For example, if you track Weekly Active Users, stickiness highlights those that are the most engaged within that week.

Stickiness helps you answer questions such as:

  • How frequently are users engaging with my product?
  • Who are my most engaged users?
  • Are users engaging more with my product now than they did a month ago?

How to create a stickiness insight

  1. Click Product analytics on the left sidebar
  2. Click the + New Insights button
  3. Select the Stickiness tab
  4. Select the event you want to see the stickiness of
How to create a stickiness insight

Understanding stickiness charts

The y-axis on the graph represents the number of unique users or groups. The x-axis represents the number of times the user or group performed the event in the specified time period.

For example, the below chart shows 938 people performed a pageview event on 3 of the last 7 days:

example of a stickiness chart

It's worth noting that stickiness measures the exact number of times a user performed an action. For example, if a user performed an event in 3 out of the last 7 days, they would only be included in this group, and not the group who performed the action in 2 out of the last 5 days.

Viewing individual users

You can drill down into specific users who have performed an event or action multiple times:

  1. Hover a particular data point on your stickiness graph
  2. Click on the data point to bring up a list of users in that point

You can then create a cohort of those users by clicking the Save as cohort button in the modal.

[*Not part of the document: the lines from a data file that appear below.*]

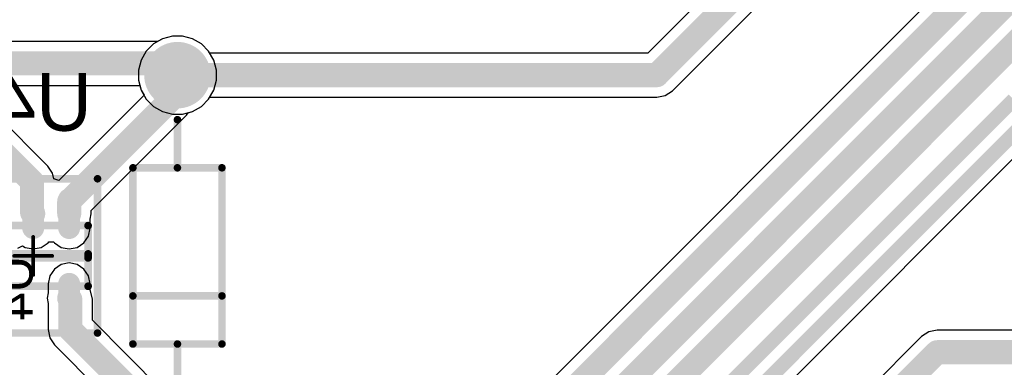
# Model space of a CAD drawing. Header units: millimetres. Extents: x 1.79 to 6.42, y 2.45 to 4.75.
# Tile 27 of 34: x 4.59 to 5.61, y 3.13 to 3.5. Entities that reach past the tile are written whole.
import ezdxf

# ---------------------------------------------------------------- set-up
doc = ezdxf.new("R2010")
doc.units = ezdxf.units.MM
doc.header["$MEASUREMENT"] = 0
for name, color, linetype in [('BottomLayer', 5, 'Continuous'), ('BottomOverlay', 54, 'Continuous'), ('BottomPaste', 16, 'Continuous'), ('BottomSolder', 6, 'Continuous'), ('Mechanical20', 56, 'Continuous'), ('Mechanical21', 56, 'Continuous'), ('Mechanical23', 56, 'Continuous'), ('Mechanical24', 56, 'Continuous'), ('MultiLayer', 9, 'Continuous'), ('PadHoleLayer', 156, 'Continuous'), ('TopLayer', 1, 'Continuous'), ('TopOverlay', 2, 'Continuous'), ('TopSolder', 216, 'Continuous')]:
    doc.layers.add(name, color=color, linetype=linetype)

# ---------------------------------------------------------------- blocks, each defined once
blk = doc.blocks.new('FP_C04_091_OT_IPC_B_B_12')
at = {"layer": 'BottomLayer', "const_width": 0.0228}
for points in [[(-0.029, 0.0374), (-0.0589, 0.0374)], [(0.0589, 0.0374), (0.029, 0.0374)], [(-0.029, 0), (-0.0589, 0)], [(0.0589, -0.0374), (0.029, -0.0374)]]:
    blk.add_lwpolyline(points, dxfattribs=at)
at = {"layer": 'BottomLayer', "const_width": 0.0114}
for points in [[(-0.0646, 0.0374, 1), (-0.0532, 0.0374, 1)], [(-0.0347, 0.0374, 1), (-0.0233, 0.0374, 1)], [(0.0233, 0.0374, 1), (0.0347, 0.0374, 1)], [(0.0532, 0.0374, 1), (0.0646, 0.0374, 1)], [(-0.0646, 0, 1), (-0.0532, 0, 1)], [(-0.0347, 0, 1), (-0.0233, 0, 1)], [(0.0233, -0.0374, 1), (0.0347, -0.0374, 1)], [(0.0532, -0.0374, 1), (0.0646, -0.0374, 1)]]:
    blk.add_lwpolyline(points, format="xyb", close=True, dxfattribs=at)
at = {"layer": 'BottomLayer'}
blk.add_solid([(-0.0703, -0.0488), (-0.0176, -0.0488), (-0.0703, -0.026), (-0.0176, -0.026)], dxfattribs=at)
at = {"layer": 'BottomOverlay', "const_width": 0.00787}
for points in [[(-0.0021, -0.0571), (-0.0021, 0.0571)], [(0.0021, 0.0571), (-0.0021, 0.0571)], [(0.0021, -0.0571), (0.0021, 0.0571)], [(0.0021, -0.0571), (-0.0021, -0.0571)]]:
    blk.add_lwpolyline(points, dxfattribs=at)
at = {"layer": 'BottomOverlay'}
for points, const_width in [([(-0.0041, 0.0571, 1), (-0.0001, 0.0571, 1)], 0.00394), ([(-0.0041, 0.0571, 1), (-0.0001, 0.0571, 1)], 0.00394), ([(0.0001, 0.0571, 1), (0.0041, 0.0571, 1)], 0.00394), ([(0.0001, 0.0571, 1), (0.0041, 0.0571, 1)], 0.00394), ([(-0.0851, -0.0374, 1), (-0.0949, -0.0374, 1)], 0.00984), ([(-0.0974, -0.0374, 1), (-0.0924, -0.0374, 1)], 0.00492), ([(-0.0875, -0.0374, 1), (-0.0826, -0.0374, 1)], 0.00492), ([(-0.0041, -0.0571, 1), (-0.0001, -0.0571, 1)], 0.00394), ([(-0.0041, -0.0571, 1), (-0.0001, -0.0571, 1)], 0.00394), ([(0.0001, -0.0571, 1), (0.0041, -0.0571, 1)], 0.00394), ([(0.0001, -0.0571, 1), (0.0041, -0.0571, 1)], 0.00394)]:
    blk.add_lwpolyline(points, format="xyb", close=True, dxfattribs=dict(at, const_width=const_width))
at = {"layer": 'BottomPaste', "const_width": 0.0228}
for points in [[(-0.029, 0.0374), (-0.0589, 0.0374)], [(0.0589, 0.0374), (0.029, 0.0374)], [(-0.029, 0), (-0.0589, 0)], [(0.0589, -0.0374), (0.029, -0.0374)]]:
    blk.add_lwpolyline(points, dxfattribs=at)
at = {"layer": 'BottomPaste', "const_width": 0.0114}
for points in [[(-0.0646, 0.0374, 1), (-0.0532, 0.0374, 1)], [(-0.0347, 0.0374, 1), (-0.0233, 0.0374, 1)], [(0.0233, 0.0374, 1), (0.0347, 0.0374, 1)], [(0.0532, 0.0374, 1), (0.0646, 0.0374, 1)], [(-0.0646, 0, 1), (-0.0532, 0, 1)], [(-0.0347, 0, 1), (-0.0233, 0, 1)], [(0.0233, -0.0374, 1), (0.0347, -0.0374, 1)], [(0.0532, -0.0374, 1), (0.0646, -0.0374, 1)]]:
    blk.add_lwpolyline(points, format="xyb", close=True, dxfattribs=at)
at = {"layer": 'BottomPaste'}
blk.add_solid([(-0.0703, -0.0488), (-0.0176, -0.0488), (-0.0703, -0.026), (-0.0176, -0.026)], dxfattribs=at)
at = {"layer": 'BottomSolder', "const_width": 0.0228}
for points in [[(-0.029, 0.0374), (-0.0589, 0.0374)], [(0.0589, 0.0374), (0.029, 0.0374)], [(-0.029, 0), (-0.0589, 0)], [(0.0589, -0.0374), (0.029, -0.0374)]]:
    blk.add_lwpolyline(points, dxfattribs=at)
at = {"layer": 'BottomSolder', "const_width": 0.0114}
for points in [[(-0.0646, 0.0374, 1), (-0.0532, 0.0374, 1)], [(-0.0347, 0.0374, 1), (-0.0233, 0.0374, 1)], [(0.0233, 0.0374, 1), (0.0347, 0.0374, 1)], [(0.0532, 0.0374, 1), (0.0646, 0.0374, 1)], [(-0.0646, 0, 1), (-0.0532, 0, 1)], [(-0.0347, 0, 1), (-0.0233, 0, 1)], [(0.0233, -0.0374, 1), (0.0347, -0.0374, 1)], [(0.0532, -0.0374, 1), (0.0646, -0.0374, 1)]]:
    blk.add_lwpolyline(points, format="xyb", close=True, dxfattribs=at)
at = {"layer": 'BottomSolder'}
blk.add_solid([(-0.0703, -0.0488), (-0.0176, -0.0488), (-0.0703, -0.026), (-0.0176, -0.026)], dxfattribs=at)
at = {"layer": 'Mechanical20', "const_width": 0.00787}
for points in [[(0.0801, 0.0669), (-0.0801, 0.0669)], [(-0.0801, -0.0669), (-0.0801, 0.0669)], [(0.0801, -0.0669), (0.0801, 0.0669)], [(0.0801, -0.0669), (-0.0801, -0.0669)]]:
    blk.add_lwpolyline(points, dxfattribs=at)
at = {"layer": 'Mechanical20', "const_width": 0.00394}
for points in [[(-0.0821, 0.0669, 1), (-0.0782, 0.0669, 1)], [(-0.0821, 0.0669, 1), (-0.0782, 0.0669, 1)], [(0.0782, 0.0669, 1), (0.0821, 0.0669, 1)], [(0.0782, 0.0669, 1), (0.0821, 0.0669, 1)], [(-0.0821, -0.0669, 1), (-0.0782, -0.0669, 1)], [(-0.0821, -0.0669, 1), (-0.0782, -0.0669, 1)], [(0.0782, -0.0669, 1), (0.0821, -0.0669, 1)], [(0.0782, -0.0669, 1), (0.0821, -0.0669, 1)]]:
    blk.add_lwpolyline(points, format="xyb", close=True, dxfattribs=at)
at = {"layer": 'Mechanical21', "const_width": 0.00787}
for points in [[(0.0801, 0.0669), (-0.0801, 0.0669)], [(-0.0801, -0.0669), (-0.0801, 0.0669)], [(0.0801, -0.0669), (0.0801, 0.0669)], [(0.0801, -0.0669), (-0.0801, -0.0669)]]:
    blk.add_lwpolyline(points, dxfattribs=at)
at = {"layer": 'Mechanical21', "const_width": 0.00394}
for points in [[(-0.0821, 0.0669, 1), (-0.0782, 0.0669, 1)], [(-0.0821, 0.0669, 1), (-0.0782, 0.0669, 1)], [(0.0782, 0.0669, 1), (0.0821, 0.0669, 1)], [(0.0782, 0.0669, 1), (0.0821, 0.0669, 1)], [(-0.0821, -0.0669, 1), (-0.0782, -0.0669, 1)], [(-0.0821, -0.0669, 1), (-0.0782, -0.0669, 1)], [(0.0782, -0.0669, 1), (0.0821, -0.0669, 1)], [(0.0782, -0.0669, 1), (0.0821, -0.0669, 1)]]:
    blk.add_lwpolyline(points, format="xyb", close=True, dxfattribs=at)
at = {"layer": 'Mechanical23', "const_width": 0.00787}
for points in [[(0.0315, 0.0571), (-0.0315, 0.0571)], [(-0.0315, -0.0571), (-0.0315, 0.0571)], [(0.0315, -0.0571), (0.0315, 0.0571)], [(0.0315, -0.0571), (-0.0315, -0.0571)]]:
    blk.add_lwpolyline(points, dxfattribs=at)
at = {"layer": 'Mechanical23', "const_width": 0.00394}
for points in [[(-0.0335, 0.0571, 1), (-0.0295, 0.0571, 1)], [(-0.0335, 0.0571, 1), (-0.0295, 0.0571, 1)], [(0.0295, 0.0571, 1), (0.0335, 0.0571, 1)], [(0.0295, 0.0571, 1), (0.0335, 0.0571, 1)], [(-0.0335, -0.0571, 1), (-0.0295, -0.0571, 1)], [(-0.0335, -0.0571, 1), (-0.0295, -0.0571, 1)], [(0.0295, -0.0571, 1), (0.0335, -0.0571, 1)], [(0.0295, -0.0571, 1), (0.0335, -0.0571, 1)]]:
    blk.add_lwpolyline(points, format="xyb", close=True, dxfattribs=at)
at = {"layer": 'Mechanical24', "const_width": 0.00394}
for points in [[(0, -0.0197), (0, 0.0197)], [(0.0197, 0), (-0.0197, 0)]]:
    blk.add_lwpolyline(points, dxfattribs=at)
at = {"layer": 'Mechanical24', "const_width": 0.00197}
for points in [[(-0.001, 0.0197, 1), (0.001, 0.0197, 1)], [(-0.0207, 0, 1), (-0.0187, 0, 1)], [(0.0187, 0, 1), (0.0207, 0, 1)], [(-0.001, -0.0197, 1), (0.001, -0.0197, 1)]]:
    blk.add_lwpolyline(points, format="xyb", close=True, dxfattribs=at)
at = {"layer": 'Mechanical20', "text_generation_flag": 2}
blk.add_text('U4', height=0.03937, rotation=-180, dxfattribs=at).set_placement((0, -0.0004))
blk = doc.blocks.new('ONSC_AXIAL_LEAD_2_59_10_P_40')
at = {"layer": 'BottomLayer', "const_width": 0.0305}
for points in [[(-0.2031, 0, 1), (-0.1725, 0, 1)], [(0.1725, 0, 1), (0.2031, 0, 1)]]:
    blk.add_lwpolyline(points, format="xyb", close=True, dxfattribs=at)
at = {"layer": 'BottomSolder', "const_width": 0.0345}
for points in [[(-0.2051, 0, 1), (-0.1705, 0, 1)], [(0.1705, 0, 1), (0.2051, 0, 1)]]:
    blk.add_lwpolyline(points, format="xyb", close=True, dxfattribs=at)
at = {"layer": 'MultiLayer', "const_width": 0.0305}
for points in [[(-0.2031, 0, 1), (-0.1725, 0, 1)], [(0.1725, 0, 1), (0.2031, 0, 1)]]:
    blk.add_lwpolyline(points, format="xyb", close=True, dxfattribs=at)
at = {"layer": 'PadHoleLayer', "const_width": 0.0207}
for points in [[(-0.1981, 0, 1), (-0.1775, 0, 1)], [(0.1775, 0, 1), (0.1981, 0, 1)]]:
    blk.add_lwpolyline(points, format="xyb", close=True, dxfattribs=at)
at = {"layer": 'TopLayer', "const_width": 0.0305}
for points in [[(-0.2031, 0, 1), (-0.1725, 0, 1)], [(0.1725, 0, 1), (0.2031, 0, 1)]]:
    blk.add_lwpolyline(points, format="xyb", close=True, dxfattribs=at)
at = {"layer": 'TopOverlay', "const_width": 0.00787}
for points in [[(-0.0915, 0.0463), (-0.0915, -0.0463)], [(-0.0915, 0.0463), (0.0915, 0.0463)], [(-0.0415, 0.0463), (-0.0415, -0.0463)], [(0.0915, 0.0463), (0.0915, -0.0463)], [(-0.1415, 0), (-0.0915, 0)], [(0.0915, 0), (0.1415, 0)], [(-0.0915, -0.0463), (0.0915, -0.0463)]]:
    blk.add_lwpolyline(points, dxfattribs=at)
at = {"layer": 'TopOverlay', "const_width": 0.00394}
for points in [[(-0.0935, 0.0463, 1), (-0.0896, 0.0463, 1)], [(-0.0935, 0.0463, 1), (-0.0896, 0.0463, 1)], [(-0.0435, 0.0463, 1), (-0.0396, 0.0463, 1)], [(0.0896, 0.0463, 1), (0.0935, 0.0463, 1)], [(0.0896, 0.0463, 1), (0.0935, 0.0463, 1)], [(-0.1435, 0, 1), (-0.1396, 0, 1)], [(-0.0935, 0, 1), (-0.0896, 0, 1)], [(0.0896, 0, 1), (0.0935, 0, 1)], [(0.1396, 0, 1), (0.1435, 0, 1)], [(-0.0935, -0.0463, 1), (-0.0896, -0.0463, 1)], [(-0.0935, -0.0463, 1), (-0.0896, -0.0463, 1)], [(-0.0435, -0.0463, 1), (-0.0396, -0.0463, 1)], [(0.0896, -0.0463, 1), (0.0935, -0.0463, 1)], [(0.0896, -0.0463, 1), (0.0935, -0.0463, 1)]]:
    blk.add_lwpolyline(points, format="xyb", close=True, dxfattribs=at)
at = {"layer": 'TopSolder', "const_width": 0.0345}
for points in [[(-0.2051, 0, 1), (-0.1705, 0, 1)], [(0.1705, 0, 1), (0.2051, 0, 1)]]:
    blk.add_lwpolyline(points, format="xyb", close=True, dxfattribs=at)

msp = doc.modelspace()

# ---------------------------------------------------------------- linework, layer by layer
at = {"layer": 'BottomLayer'}
for p, q in [((5.84, 3.8224), (5.0905, 3.0729)), ((4.7344, 3.4755), (4.7251, 3.4702)), ((4.7447, 3.4783), (4.7344, 3.4755)), ((4.7553, 3.4783), (4.7447, 3.4783)), ((4.7656, 3.4755), (4.7553, 3.4783)), ((4.7749, 3.4702), (4.7656, 3.4755)), ((4.7176, 3.4627), (4.7122, 3.4534)), ((4.7251, 3.4702), (4.7176, 3.4627)), ((4.7824, 3.4627), (4.7749, 3.4702)), ((4.7878, 3.4534), (4.7824, 3.4627)), ((4.7122, 3.4534), (4.7095, 3.4431)), ((4.7905, 3.4431), (4.7878, 3.4534)), ((4.7095, 3.4431), (4.7095, 3.4325)), ((4.7905, 3.4325), (4.7905, 3.4431)), ((4.7095, 3.4325), (4.7122, 3.4222)), ((4.7878, 3.4222), (4.7905, 3.4325)), ((4.7122, 3.4222), (4.7153, 3.417)), ((4.7824, 3.4129), (4.7878, 3.4222)), ((4.7153, 3.417), (4.6267, 3.3284)), ((4.7749, 3.4054), (4.7824, 3.4129)), ((4.6151, 3.3434), (4.5554, 3.4031)), ((4.7611, 3.3988), (4.7656, 3.4)), ((4.7656, 3.4), (4.7749, 3.4054)), ((4.6603, 3.2972), (4.7593, 3.3962)), ((4.7593, 3.3962), (4.7611, 3.3988)), ((5.2378, 2.9701), (5.6374, 3.3697)), ((4.6201, 3.336), (4.6151, 3.3434)), ((4.6213, 3.33), (4.6201, 3.336)), ((4.6267, 3.3284), (4.6213, 3.33)), ((4.6603, 3.2939), (4.6603, 3.2972)), ((4.6592, 3.2882), (4.6603, 3.2939)), ((4.6592, 3.279), (4.6592, 3.2882)), ((4.6575, 3.2706), (4.6592, 3.279)), ((4.6528, 3.2636), (4.6575, 3.2706)), ((4.584, 3.258), (4.589, 3.2606)), ((4.589, 3.2606), (4.5917, 3.2588)), ((4.5917, 3.2588), (4.6, 3.2572)), ((4.6, 3.2572), (4.6083, 3.2588)), ((4.6083, 3.2588), (4.6154, 3.2636)), ((4.6154, 3.2636), (4.6162, 3.2647)), ((4.6162, 3.2647), (4.6212, 3.2647)), ((4.6212, 3.2647), (4.622, 3.2636)), ((4.622, 3.2636), (4.6291, 3.2588)), ((4.6291, 3.2588), (4.6374, 3.2572)), ((4.6374, 3.2572), (4.6457, 3.2588)), ((4.6457, 3.2588), (4.6528, 3.2636)), ((4.622, 3.2364), (4.6173, 3.2294)), ((4.6291, 3.2412), (4.622, 3.2364)), ((4.6374, 3.2428), (4.6291, 3.2412)), ((4.6457, 3.2412), (4.6374, 3.2428)), ((4.6528, 3.2364), (4.6457, 3.2412)), ((4.6575, 3.2294), (4.6528, 3.2364)), ((4.6173, 3.2294), (4.6156, 3.221)), ((4.6592, 3.221), (4.6575, 3.2294)), ((4.6156, 3.221), (4.6156, 3.2118)), ((4.6592, 3.2145), (4.6592, 3.221)), ((4.6156, 3.2118), (4.6145, 3.2061)), ((4.6145, 3.2061), (4.6156, 3.2004)), ((4.6597, 3.2137), (4.6592, 3.2145)), ((4.6615, 3.2049), (4.6597, 3.2137)), ((4.6615, 3.1832), (4.6615, 3.2049)), ((4.6156, 3.2004), (4.6156, 3.1737)), ((4.7425, 3.1021), (4.6615, 3.1832)), ((4.6156, 3.1737), (4.6173, 3.1649)), ((4.6173, 3.1649), (4.6223, 3.1575)), ((4.6223, 3.1575), (4.7101, 3.0697))]:
    msp.add_line(p, q, dxfattribs=at)
for points, const_width in [([(5.1, 3.05), (5.9, 3.85)], 0.025), ([(5.115, 3.015), (5.75, 3.65)], 0.025), ([(5.13, 2.98), (5.7, 3.55)], 0.025), ([(4.7431, 3.4309), (4.75, 3.4378)], 0.025), ([(4.7431, 3.4124), (4.7431, 3.4309)], 0.025), ([(4.6374, 3.3067), (4.7431, 3.4124)], 0.025), ([(5.1916, 2.9845), (5.6196, 3.4125)], 0.015), ([(4.5392, 3.3869), (4.5989, 3.3272)], 0.025), ([(5.22, 2.9775), (5.63, 3.3875)], 0.015), ([(4.5989, 3.2951), (4.5989, 3.3272)], 0.025), ([(4.6374, 3.2939), (4.6374, 3.3067)], 0.025), ([(4.5989, 3.2951), (4.6, 3.2939)], 0.025), ([(4.6374, 3.2061), (4.6385, 3.2049)], 0.025), ([(4.6385, 3.1737), (4.6385, 3.2049)], 0.025), ([(4.6385, 3.1737), (4.75, 3.0622)], 0.025)]:
    msp.add_lwpolyline(points, dxfattribs=dict(at, const_width=const_width))
at = {"layer": 'BottomLayer', "const_width": 0.0125}
for points in [[(4.7369, 3.4309, 1), (4.7494, 3.4309, 1)], [(4.7369, 3.4309, 1), (4.7494, 3.4309, 1)], [(4.7438, 3.4378, 1), (4.7562, 3.4378, 1)], [(4.7369, 3.4124, 1), (4.7494, 3.4124, 1)], [(4.7369, 3.4124, 1), (4.7494, 3.4124, 1)], [(4.5926, 3.3272, 1), (4.6051, 3.3272, 1)], [(4.5926, 3.3272, 1), (4.6051, 3.3272, 1)], [(4.6312, 3.3067, 1), (4.6437, 3.3067, 1)], [(4.6312, 3.3067, 1), (4.6437, 3.3067, 1)], [(4.5926, 3.2951, 1), (4.6051, 3.2951, 1)], [(4.5926, 3.2951, 1), (4.6051, 3.2951, 1)], [(4.5938, 3.2939, 1), (4.6063, 3.2939, 1)], [(4.6312, 3.2939, 1), (4.6437, 3.2939, 1)], [(4.6312, 3.2061, 1), (4.6437, 3.2061, 1)], [(4.6323, 3.2049, 1), (4.6448, 3.2049, 1)], [(4.6323, 3.2049, 1), (4.6448, 3.2049, 1)], [(4.6323, 3.1737, 1), (4.6448, 3.1737, 1)], [(4.6323, 3.1737, 1), (4.6448, 3.1737, 1)]]:
    msp.add_lwpolyline(points, format="xyb", close=True, dxfattribs=at)
at = {"layer": 'TopLayer'}
for p, q in [((5.4921, 3.7138), (5.239, 3.4607)), ((5.2647, 3.4216), (5.5178, 3.6746)), ((4.728, 3.4729), (4.4801, 3.4729)), ((4.7294, 3.4727), (4.728, 3.4729)), ((4.7344, 3.4755), (4.7294, 3.4727)), ((4.7447, 3.4783), (4.7344, 3.4755)), ((4.7553, 3.4783), (4.7447, 3.4783)), ((4.7656, 3.4755), (4.7553, 3.4783)), ((4.7749, 3.4702), (4.7656, 3.4755)), ((4.7824, 3.4627), (4.7749, 3.4702)), ((4.7835, 3.4607), (4.7824, 3.4627)), ((5.239, 3.4607), (4.7835, 3.4607)), ((4.4801, 3.4271), (4.7109, 3.4271)), ((4.7109, 3.4271), (4.7122, 3.4222)), ((4.7122, 3.4222), (4.7176, 3.4129)), ((5.2573, 3.4166), (5.2647, 3.4216)), ((4.7176, 3.4129), (4.7251, 3.4054)), ((4.7749, 3.4054), (4.7824, 3.4129)), ((4.7824, 3.4129), (4.7835, 3.4149)), ((4.7835, 3.4149), (5.2485, 3.4149)), ((5.2485, 3.4149), (5.2573, 3.4166)), ((4.7251, 3.4054), (4.7344, 3.4)), ((4.7344, 3.4), (4.7447, 3.3973)), ((4.7553, 3.3973), (4.7656, 3.4)), ((4.7656, 3.4), (4.7749, 3.4054)), ((4.7447, 3.3973), (4.7553, 3.3973)), ((5.5238, 3.1662), (5.137, 2.7795)), ((5.5312, 3.1712), (5.5238, 3.1662)), ((5.54, 3.1729), (5.5312, 3.1712)), ((5.8671, 3.1729), (5.54, 3.1729))]:
    msp.add_line(p, q, dxfattribs=at)
at = {"layer": 'TopLayer', "const_width": 0.025}
for points in [[(5.2485, 3.4378), (5.5083, 3.6976)], [(4.45, 3.45), (4.728, 3.45)], [(4.728, 3.45), (4.7403, 3.4378)], [(4.7403, 3.4378), (4.75, 3.4378)], [(4.75, 3.4378), (5.2485, 3.4378)], [(5.13, 2.74), (5.54, 3.15)], [(5.54, 3.15), (5.9, 3.15)]]:
    msp.add_lwpolyline(points, dxfattribs=at)
at = {"layer": 'TopLayer', "const_width": 0.0125}
for points in [[(4.7218, 3.45, 1), (4.7343, 3.45, 1)], [(4.7218, 3.45, 1), (4.7343, 3.45, 1)], [(4.734, 3.4378, 1), (4.7465, 3.4378, 1)], [(4.734, 3.4378, 1), (4.7465, 3.4378, 1)], [(4.7438, 3.4378, 1), (4.7562, 3.4378, 1)], [(4.7438, 3.4378, 1), (4.7562, 3.4378, 1)], [(5.2423, 3.4378, 1), (5.2548, 3.4378, 1)], [(5.2423, 3.4378, 1), (5.2548, 3.4378, 1)], [(5.5338, 3.15, 1), (5.5462, 3.15, 1)], [(5.5338, 3.15, 1), (5.5462, 3.15, 1)]]:
    msp.add_lwpolyline(points, format="xyb", close=True, dxfattribs=at)

# ---------------------------------------------------------------- block references
for name, p, rotation in [('ONSC_AXIAL_LEAD_2_59_10_P_40', (4.75, 3.25), 90), ('FP_C04_091_OT_IPC_B_B_12', (4.6, 3.25), 270)]:
    msp.add_blockref(name, p, dxfattribs=dict(rotation=rotation))

# ---------------------------------------------------------------- texts
at = {"layer": 'BottomOverlay', "text_generation_flag": 2}
msp.add_text('U4', height=0.06, dxfattribs=at).set_placement((4.661, 3.38))

doc.saveas('drawing.dxf')

This is useful for creating further insights for a highly engaged group of users.

Cohort of stickiness users

Stickiness vs retention

Stickiness and retention insights can look very similar and it's important to understand the differences between them.

  • Retention - Measures the percent of users who came back and performed an event within a given period at least once
  • Stickiness - Measures how many times within a period a user performed an event

Both stickiness and retention are important when analyzing how engaged users are with your product.

In general, retention is good at measuring how well you're doing at keeping users engaged overall, whereas stickiness measures how deeply users are engaging with your product.